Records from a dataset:
##############################

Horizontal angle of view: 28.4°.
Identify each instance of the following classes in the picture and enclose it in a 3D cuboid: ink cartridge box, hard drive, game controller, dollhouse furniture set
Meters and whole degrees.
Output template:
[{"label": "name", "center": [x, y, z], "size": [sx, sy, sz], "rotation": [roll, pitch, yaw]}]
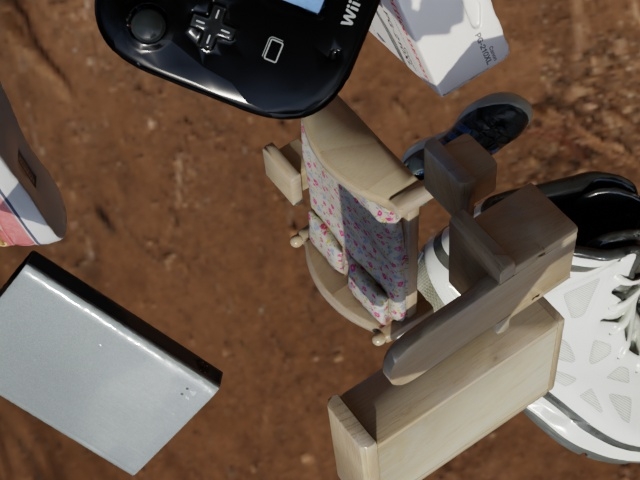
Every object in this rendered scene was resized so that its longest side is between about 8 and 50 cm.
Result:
[{"label": "ink cartridge box", "center": [0.103, -0.300, 1.482], "size": [0.172, 0.100, 0.237], "rotation": [59, 176, -38]}, {"label": "hard drive", "center": [-0.140, 0.075, 0.750], "size": [0.094, 0.135, 0.022], "rotation": [-46, 18, 28]}, {"label": "game controller", "center": [-0.016, -0.239, 0.771], "size": [0.067, 0.166, 0.319], "rotation": [-77, 9, -81]}, {"label": "dollhouse furniture set", "center": [0.000, 0.000, 0.955], "size": [0.355, 0.174, 0.303], "rotation": [49, 161, 29]}]

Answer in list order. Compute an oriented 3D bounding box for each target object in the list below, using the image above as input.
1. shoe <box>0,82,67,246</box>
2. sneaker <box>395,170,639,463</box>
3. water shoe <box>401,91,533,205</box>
[{"label": "shoe", "center": [-0.239, -0.053, 0.839], "size": [0.178, 0.081, 0.063], "rotation": [70, -169, -50]}, {"label": "sneaker", "center": [0.310, 0.086, 1.318], "size": [0.257, 0.447, 0.169], "rotation": [-44, 31, 44]}, {"label": "water shoe", "center": [0.179, -0.104, 1.532], "size": [0.203, 0.073, 0.080], "rotation": [-33, 38, 43]}]
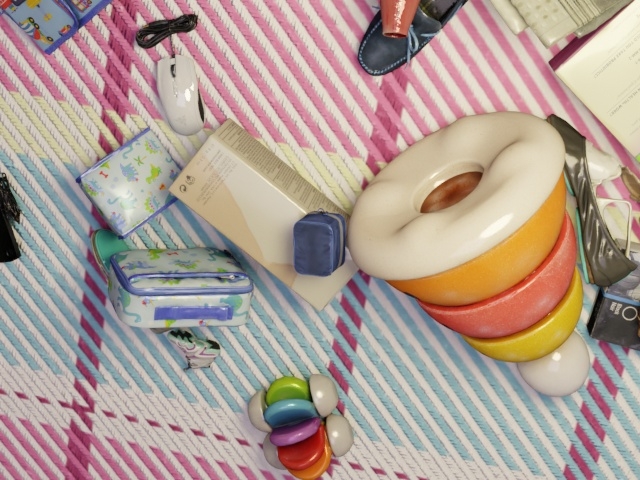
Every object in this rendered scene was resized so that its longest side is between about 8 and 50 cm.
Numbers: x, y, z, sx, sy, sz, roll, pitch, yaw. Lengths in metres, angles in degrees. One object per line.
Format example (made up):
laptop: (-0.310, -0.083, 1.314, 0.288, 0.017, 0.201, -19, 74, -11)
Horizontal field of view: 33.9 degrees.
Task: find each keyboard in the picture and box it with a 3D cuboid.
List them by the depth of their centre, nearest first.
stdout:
keyboard: (-0.552, -0.056, 1.804, 0.100, 0.038, 0.192, -4, 109, 33)

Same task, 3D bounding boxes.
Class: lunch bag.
lunch bag: (0.000, 0.000, 1.577, 0.067, 0.065, 0.098, 9, 109, 20)
lunch bag: (-0.422, -0.432, 1.600, 0.293, 0.138, 0.221, -28, 117, 39)
lunch bag: (-0.225, 0.077, 1.694, 0.218, 0.176, 0.090, 0, 112, -22)
lunch bag: (-0.304, -0.094, 1.722, 0.151, 0.096, 0.129, -38, 101, -13)

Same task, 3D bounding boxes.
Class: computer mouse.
computer mouse: (-0.230, -0.260, 1.685, 0.106, 0.042, 0.193, -9, 106, 9)

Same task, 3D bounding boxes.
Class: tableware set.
tableware set: (0.513, -0.040, 1.612, 0.020, 0.141, 0.169, -32, 106, -3)

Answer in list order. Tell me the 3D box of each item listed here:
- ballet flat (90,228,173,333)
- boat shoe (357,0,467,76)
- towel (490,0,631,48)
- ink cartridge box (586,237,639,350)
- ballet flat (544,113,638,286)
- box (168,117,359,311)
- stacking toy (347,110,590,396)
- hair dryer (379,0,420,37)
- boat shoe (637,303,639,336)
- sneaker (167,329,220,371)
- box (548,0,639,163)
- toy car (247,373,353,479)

##############################

YOUR TASK: Give only a number, the count of lines above that include the string "each".

WRITTEN RESPONSE: 4